Dr. Fritz Pleitgen, Präsident der Deutschen Krebshilfe:

"Neben einer optimalen, individuell angepassten schulmedizinischen Behandlung können pflanzliche Medikamente, Naturheilverfahren, die Homöopathie und andere Verfahren für Betroffene hilfreich sein - dieser Kongress soll dazu beitragen, im Sinne der Patientinnen gemeinsam einen optimalen Behandlungsweg zu finden."

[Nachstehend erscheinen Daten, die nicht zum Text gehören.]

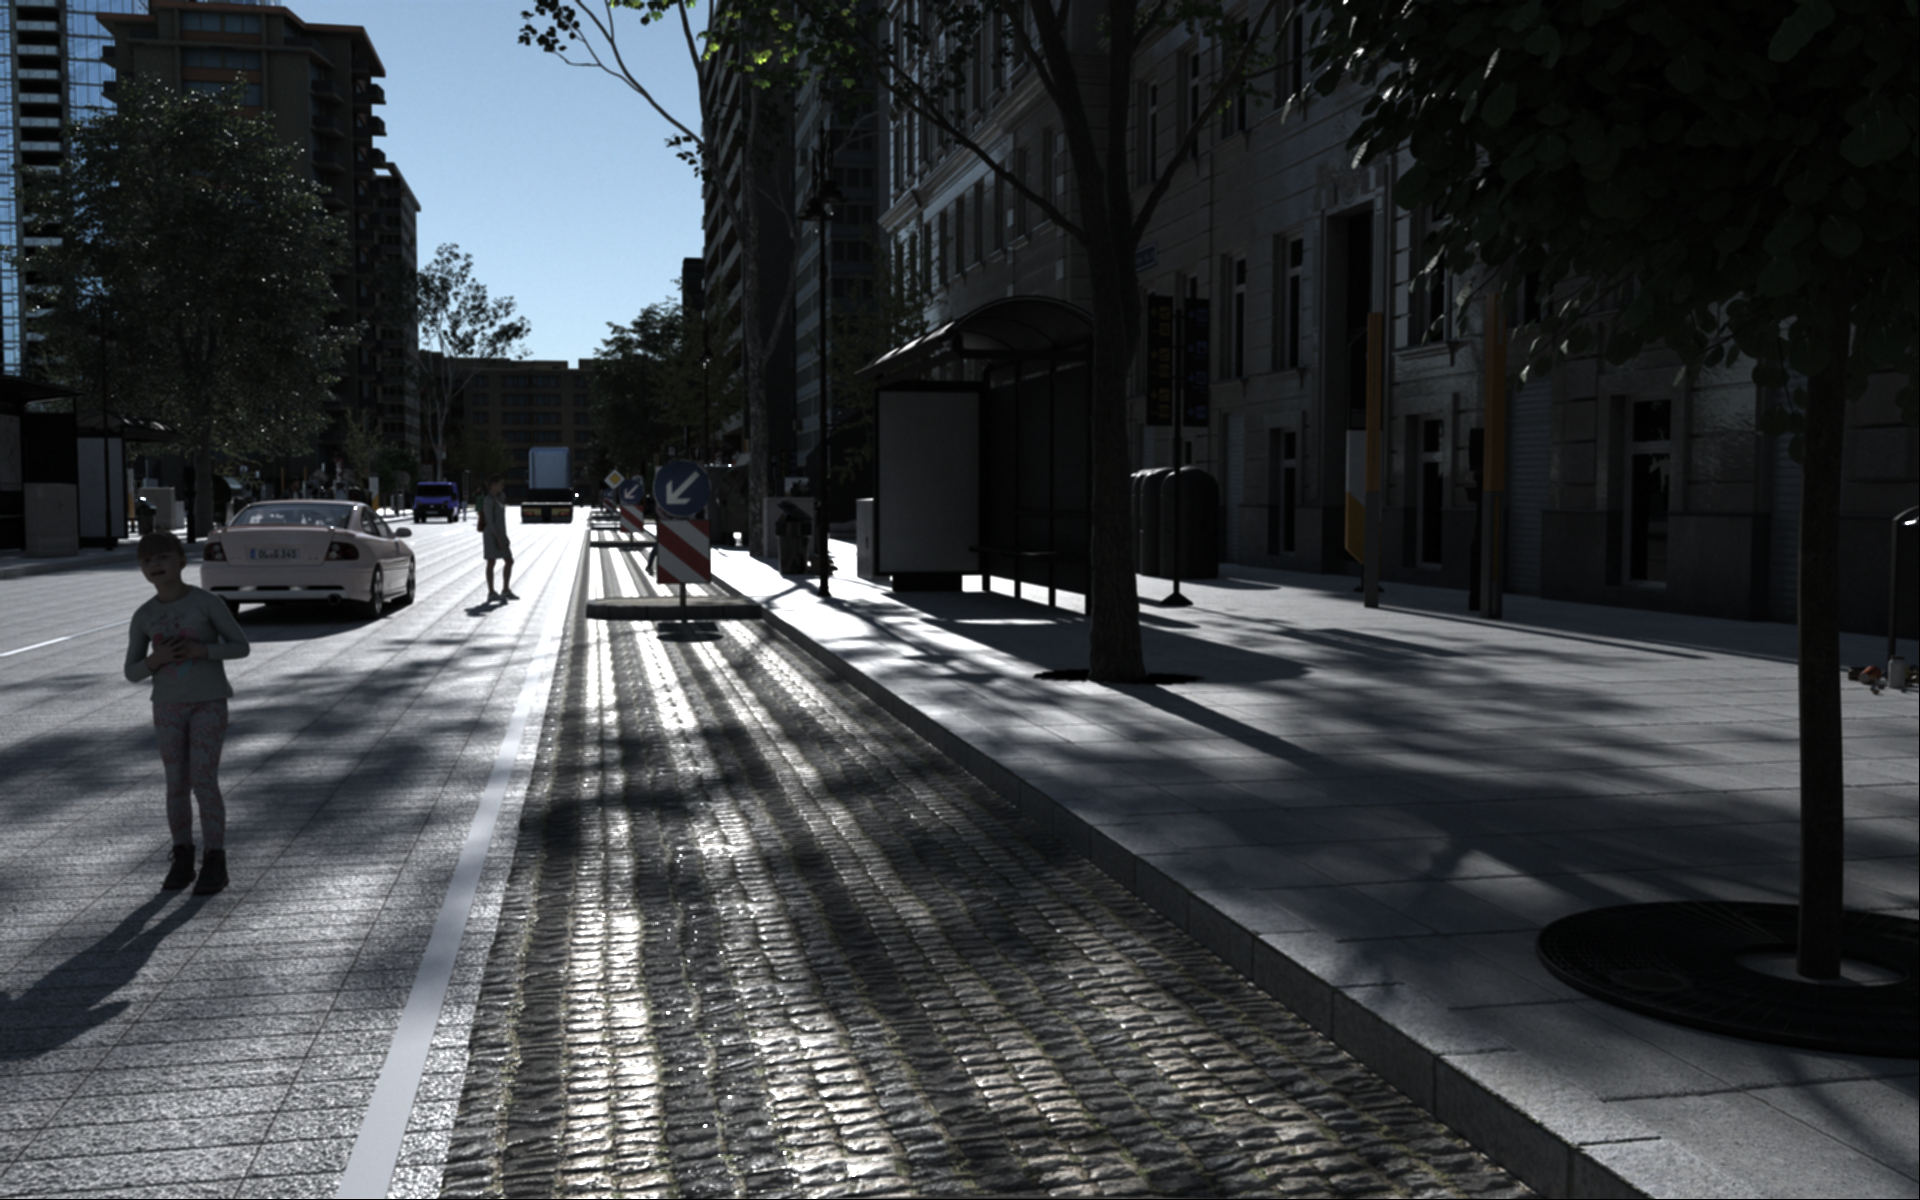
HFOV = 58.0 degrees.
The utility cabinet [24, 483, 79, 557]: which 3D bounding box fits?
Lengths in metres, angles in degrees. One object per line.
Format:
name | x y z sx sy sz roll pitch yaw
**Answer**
utility cabinet | -18.394 -1.615 35.092 0.318 1.500 1.173 1 4 10

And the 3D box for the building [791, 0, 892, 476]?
building | 2.920 -25.117 102.538 23.993 40.220 32.217 -1 4 -12

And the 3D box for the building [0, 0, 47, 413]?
building | -101.485 -53.833 192.844 31.000 86.520 22.319 -1 4 -12

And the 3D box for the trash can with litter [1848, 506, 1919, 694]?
trash can with litter | 6.966 -0.035 11.623 2.233 1.210 1.678 0 4 1

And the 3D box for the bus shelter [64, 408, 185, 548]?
bus shelter | -21.236 -3.045 43.715 2.014 3.302 5.546 -1 4 -12

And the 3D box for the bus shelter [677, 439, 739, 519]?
bus shelter | -9.661 -4.425 66.276 2.014 3.302 5.546 -1 4 -12

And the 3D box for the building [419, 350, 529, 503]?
building | -76.018 -24.717 249.167 28.899 21.520 27.650 -1 4 -12

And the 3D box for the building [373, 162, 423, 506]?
building | -73.280 -30.697 193.780 23.993 40.220 32.217 -1 4 -12

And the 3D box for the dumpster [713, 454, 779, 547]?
dumpster | -5.318 -2.477 42.987 1.502 2.255 1.985 -1 4 -12

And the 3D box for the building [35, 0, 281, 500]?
building | -105.134 -56.532 236.962 31.000 86.520 22.319 -1 4 -12

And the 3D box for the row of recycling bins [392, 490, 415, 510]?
row of recycling bins | -45.711 -8.377 144.081 1.069 1.692 3.534 2 4 33

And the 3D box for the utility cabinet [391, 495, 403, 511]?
utility cabinet | -44.061 -7.608 135.555 0.306 1.237 1.020 2 4 30

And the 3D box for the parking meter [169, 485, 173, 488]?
parking meter | -52.750 -6.735 115.828 0.255 1.863 0.399 -1 4 -19

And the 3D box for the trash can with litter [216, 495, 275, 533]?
trash can with litter | -23.433 -2.719 55.511 1.678 1.210 2.233 1 4 22

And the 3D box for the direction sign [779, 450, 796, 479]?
direction sign | -8.788 -5.894 88.357 0.876 3.537 0.379 -1 4 -18

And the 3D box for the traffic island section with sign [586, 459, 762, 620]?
traffic island section with sign | -3.447 -0.734 20.631 1.989 1.847 2.006 -1 4 -12

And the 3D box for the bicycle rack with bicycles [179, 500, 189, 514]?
bicycle rack with bicycles | -50.711 -5.939 110.491 2.925 0.926 2.852 2 4 28

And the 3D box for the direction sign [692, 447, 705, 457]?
direction sign | -12.759 -5.638 84.171 0.876 3.537 0.379 2 4 27

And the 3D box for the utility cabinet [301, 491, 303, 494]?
utility cabinet | -42.663 -6.294 111.582 1.173 1.500 0.318 2 4 28

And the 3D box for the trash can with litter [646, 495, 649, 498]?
trash can with litter | -24.079 -7.345 131.153 2.233 1.210 1.678 -3 5 -44

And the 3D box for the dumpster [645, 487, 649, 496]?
dumpster | -25.723 -8.398 139.796 1.502 2.255 1.985 -1 4 -12

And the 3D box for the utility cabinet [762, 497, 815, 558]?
utility cabinet | -3.464 -1.458 34.994 1.020 1.237 0.306 -2 4 -29

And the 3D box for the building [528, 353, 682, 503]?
building | -47.560 -25.029 254.264 28.899 21.520 27.650 -1 4 -12

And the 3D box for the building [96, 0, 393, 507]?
building | -64.597 -30.812 158.406 22.147 44.769 28.867 -1 4 -12

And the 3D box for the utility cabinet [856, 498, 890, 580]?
utility cabinet | -1.322 -0.920 26.199 0.306 1.237 1.020 -1 4 -17

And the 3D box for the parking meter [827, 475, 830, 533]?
parking meter | -3.792 -2.792 51.363 0.255 1.863 0.399 0 4 6

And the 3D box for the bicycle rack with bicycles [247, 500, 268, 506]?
bicycle rack with bicycles | -41.128 -5.334 100.591 2.925 0.926 2.852 0 4 8

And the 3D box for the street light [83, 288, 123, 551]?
street light | -19.307 -4.058 39.133 0.468 5.910 1.993 -1 4 -12

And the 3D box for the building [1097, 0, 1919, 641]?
building | 11.448 -14.055 27.059 12.463 27.353 25.104 -1 4 -12

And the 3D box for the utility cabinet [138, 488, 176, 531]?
utility cabinet | -27.840 -3.141 60.027 1.173 1.500 0.318 0 4 5

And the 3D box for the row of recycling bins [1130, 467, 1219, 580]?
row of recycling bins | 3.293 -1.258 27.677 1.069 1.692 3.534 0 4 -7

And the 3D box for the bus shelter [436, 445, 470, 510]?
bus shelter | -42.175 -10.185 144.158 2.179 5.291 8.768 -1 4 -12

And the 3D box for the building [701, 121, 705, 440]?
building | -16.979 -35.036 192.449 23.786 49.044 30.456 -1 4 -12

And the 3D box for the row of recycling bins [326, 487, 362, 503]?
row of recycling bins | -38.436 -6.178 108.130 3.534 1.692 1.069 3 5 42

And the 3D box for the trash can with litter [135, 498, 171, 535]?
trash can with litter | -25.070 -2.597 53.852 1.055 1.170 0.624 0 4 6

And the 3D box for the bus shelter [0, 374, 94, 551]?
bus shelter | -20.156 -2.786 36.830 1.731 3.624 6.357 -1 4 -12

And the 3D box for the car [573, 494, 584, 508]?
car | -41.335 -10.632 185.624 2.131 1.459 4.920 -1 4 -11

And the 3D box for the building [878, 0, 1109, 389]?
building | 5.472 -15.564 51.739 12.463 27.353 25.104 -1 4 -12

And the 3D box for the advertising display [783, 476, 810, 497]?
advertising display | -5.892 -3.501 62.453 0.974 1.923 0.123 -1 4 -17

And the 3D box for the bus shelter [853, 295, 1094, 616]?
bus shelter | 0.163 -1.617 20.369 2.014 3.302 5.546 -1 4 -12

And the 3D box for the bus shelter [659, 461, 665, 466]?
bus shelter | -16.728 -6.537 100.796 2.014 3.302 5.546 -1 4 -12

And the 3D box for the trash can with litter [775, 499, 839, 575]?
trash can with litter | -2.433 -0.998 27.702 1.055 1.170 0.624 2 4 26

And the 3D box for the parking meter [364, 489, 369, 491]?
parking meter | -29.393 -4.742 85.943 0.372 1.533 0.369 0 3 0

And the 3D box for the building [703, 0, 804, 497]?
building | -13.141 -33.212 166.720 21.300 48.544 21.600 -1 4 -12

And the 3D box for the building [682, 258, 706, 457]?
building | -27.171 -27.027 213.597 14.160 30.474 14.107 -1 4 -12

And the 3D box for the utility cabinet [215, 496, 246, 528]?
utility cabinet | -26.697 -3.195 63.400 1.020 1.237 0.306 -3 4 -37

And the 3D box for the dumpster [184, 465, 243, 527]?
dumpster | -24.991 -3.394 57.978 1.502 2.255 1.985 -1 4 -12

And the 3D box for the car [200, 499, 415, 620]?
car | -7.802 -0.529 21.008 2.083 1.381 4.827 -1 4 -10

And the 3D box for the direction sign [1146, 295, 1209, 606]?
direction sign | 2.512 -1.713 20.000 0.876 3.537 0.379 -2 4 -31

Annette Kruse-Keirath, Vorstandsmitglied von mamazone - Frauen und Forschung gegen Brustkrebs e.V.:

"Brustkrebspatientinnen stimmen schon lange mit den Füßen ab und nehmen komplementärmedizinische Therapieangebote in Ergänzung zur Schulmedizin in Anspruch, allerdings oft ohne Wissen ihres Onkologen. Dieses Bedürfnis der Patientinnen hat den Bedarf nach fundiertem Wissen auf ärztlicher Seite geschürt. Wir begrüßen es sehr, dass Möglichkeiten und Grenzen der verschiedenen komplementärmedizinischen Verfahren jetzt erstmals auf einem großen Wissenschaftskongress öffentlich vorgestellt und im Zusammenhang mit der konventionellen Therapie diskutiert werden."

Irmhild Harbach-Dietz, Berliner Beratungsstelle der Gesellschaft für Biologische Krebsabwehr (GBK):

"Für mich ist wichtig, dass die Integrative Medizin stärker wahrgenommen und damit in der Praxis eine ganzheitliche Versorgung der Patientinnen möglich wird. Sie räumt mehr Behandlungsoptionen ein und berücksichtigt stärker die Individualität jeder Patientin."